Endocrine Abstracts

JOINT3340

Background: Spondyloepimetaphyseal dysplasia (SEMD) is a rare developmental disorder of bone and cartilage with short stature and skeletal deformities affecting the extracellular matrix of cartilage. MMP13 (collagenase-3) has been considered to have an important role in skeletal biology in view of its exclusive presence in the skeleton during embryonic development in cartilaginous growth plates and primary centers of ossification. MMP13 takes part in catalyzing ECM components in the growth plate and at the same time cleaving and releasing biologically active molecules stored in the ECM, such as VEGFA, essential for chondrogenic differentiation, apoptosis, and matrix remodeling. Although previous studies had identified the association of SEMD_MO with a missense MMP13 mutation, the mechanism by which SEMD_MO is associated with MMP13 is poorly understood.
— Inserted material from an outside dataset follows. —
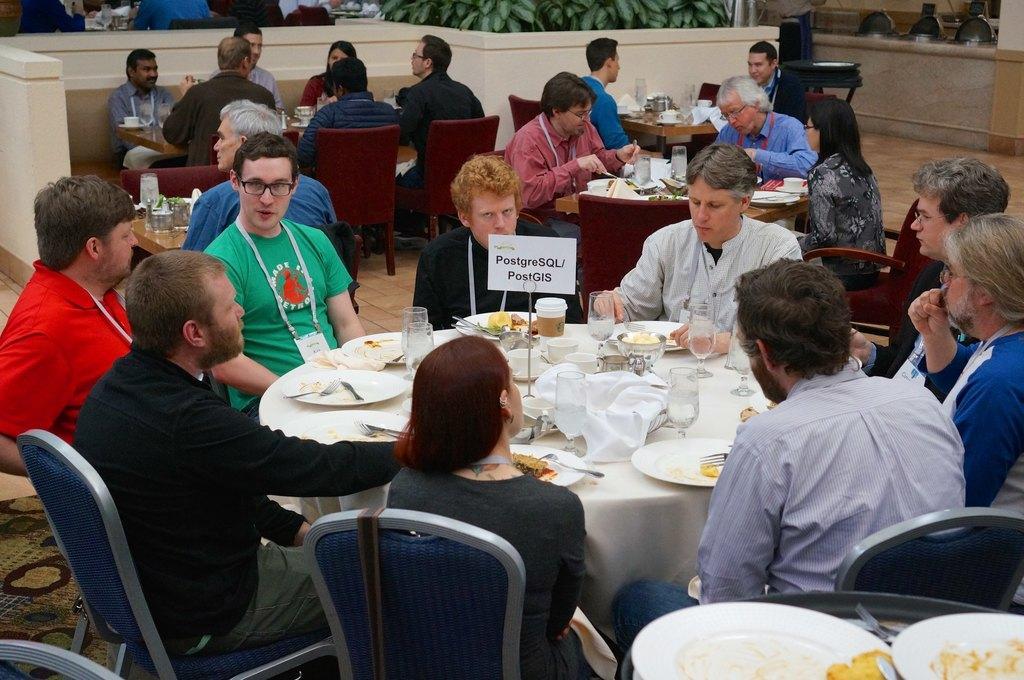Describe this image in one or two sentences. in a building there are tables. on a table in the front there is a white cloth on which there are plates, fork, glasses, cup, board. people are seated around the chairs on blue chairs. behind that there are 3 more table on which people are seated. at the back there are plants. 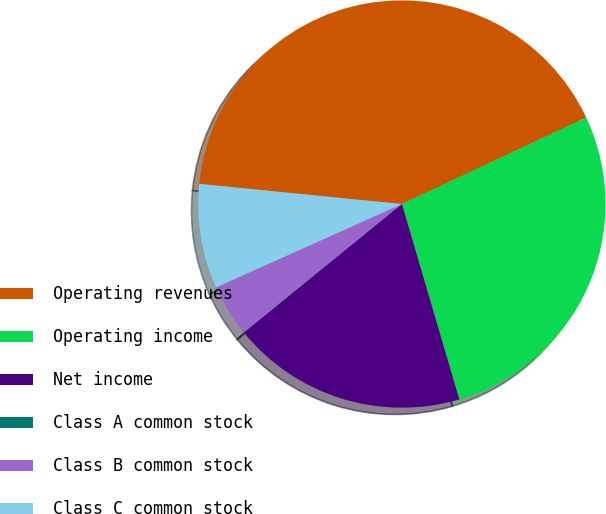Convert chart to OTSL. <chart><loc_0><loc_0><loc_500><loc_500><pie_chart><fcel>Operating revenues<fcel>Operating income<fcel>Net income<fcel>Class A common stock<fcel>Class B common stock<fcel>Class C common stock<nl><fcel>41.43%<fcel>27.44%<fcel>18.68%<fcel>0.01%<fcel>4.15%<fcel>8.29%<nl></chart>

Patient and Methods: The proband was a 5. 5years old male exhibiting short stature(-3. 27SD). His X-ray examination revealed ulnar and radial bones with widened metaphysis, “brush and cup-like”changes, irregular edges. The WES analysis showed the probably pathogenic variant c. 124T>G in heterozygosity in exon2 of the MMP13 gene, described in the literature in patients with SEMD. The proteins which possibly could interact with MMP13 were preliminarial identified through CoIP-MS method and a bioinformatic analysis has been made as well. CoIP-WB experiment was used to verify the in vivo interaction. We generated induced pluripotent stem cells (iPSCs) from peripheral blood mononuclear cells (PBMCs) via nucleofection with episomal plasmids. These iPSCs were further differentiated into chondrogenic via mesenchymal stem cells (MSCs). RT-PCR and Western blot methods were used to substantiate whether both transcription level and protein level of PERK, ATF6, IRE1a are upregulated by BiP.

Results: Cell lines harboring the variant displayed decreased amount of MMP13 proteins in culture medium and degraded misfolded protein fragments of approximately 30kDa of the mutant protein intracellular through the ubiquitin-proteasome system. The results of CoIP-MS experiments and related bioinformatics analysis showed that the MMP13 Y42D variant increased the interaction between MMP13 and Bip and these proteins were mainly involved in several biological processes, including protein folding, protein processing in ER, response to ER stress. In patient-iPSC-derived chondrogenic, both transcription level and protein level of PERK, ATF6, IRE1a are upregulated by BiP.

Conclusion: Our study indicate that the variant in MMP13 lead to increasing MMP13-Bip protein interaction, activating endoplasmic reticulum stress. Under ER stress, Bip could upregulate transcription and expression level of PERK, ATF6, IRE1a and promote cell death.